[Records from a data source]

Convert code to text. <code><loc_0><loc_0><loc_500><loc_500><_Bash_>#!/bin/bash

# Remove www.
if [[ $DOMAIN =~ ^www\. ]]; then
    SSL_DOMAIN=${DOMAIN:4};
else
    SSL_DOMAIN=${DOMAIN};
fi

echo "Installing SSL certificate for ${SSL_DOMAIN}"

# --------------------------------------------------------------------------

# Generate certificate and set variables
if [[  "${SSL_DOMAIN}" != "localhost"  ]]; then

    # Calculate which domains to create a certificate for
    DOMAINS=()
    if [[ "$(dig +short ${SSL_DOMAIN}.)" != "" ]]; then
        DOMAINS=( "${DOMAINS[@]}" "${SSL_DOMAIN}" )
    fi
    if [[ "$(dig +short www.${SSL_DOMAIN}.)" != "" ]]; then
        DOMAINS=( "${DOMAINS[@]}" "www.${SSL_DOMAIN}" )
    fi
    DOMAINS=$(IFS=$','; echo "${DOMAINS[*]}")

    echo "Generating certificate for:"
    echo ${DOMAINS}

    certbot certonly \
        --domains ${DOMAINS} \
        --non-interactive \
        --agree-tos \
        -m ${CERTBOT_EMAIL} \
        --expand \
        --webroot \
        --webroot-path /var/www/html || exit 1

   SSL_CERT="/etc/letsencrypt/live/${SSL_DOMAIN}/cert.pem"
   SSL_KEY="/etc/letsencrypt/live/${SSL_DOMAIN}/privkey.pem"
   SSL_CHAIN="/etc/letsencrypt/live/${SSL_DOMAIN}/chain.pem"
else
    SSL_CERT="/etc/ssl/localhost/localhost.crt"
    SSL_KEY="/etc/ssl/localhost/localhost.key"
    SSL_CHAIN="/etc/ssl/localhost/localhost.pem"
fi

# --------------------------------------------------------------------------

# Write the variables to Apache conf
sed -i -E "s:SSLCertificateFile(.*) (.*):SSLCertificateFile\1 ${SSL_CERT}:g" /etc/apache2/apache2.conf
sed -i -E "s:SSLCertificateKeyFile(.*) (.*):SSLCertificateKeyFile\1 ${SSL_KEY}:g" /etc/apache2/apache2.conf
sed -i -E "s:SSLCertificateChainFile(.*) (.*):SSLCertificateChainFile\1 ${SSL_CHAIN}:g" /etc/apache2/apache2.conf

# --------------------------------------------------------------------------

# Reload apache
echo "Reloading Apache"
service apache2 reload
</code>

** Problem description **
Looking only at the data above, say how many of its lines contain the string "letsencrypt", and nothing more.

** Solution for this task **
3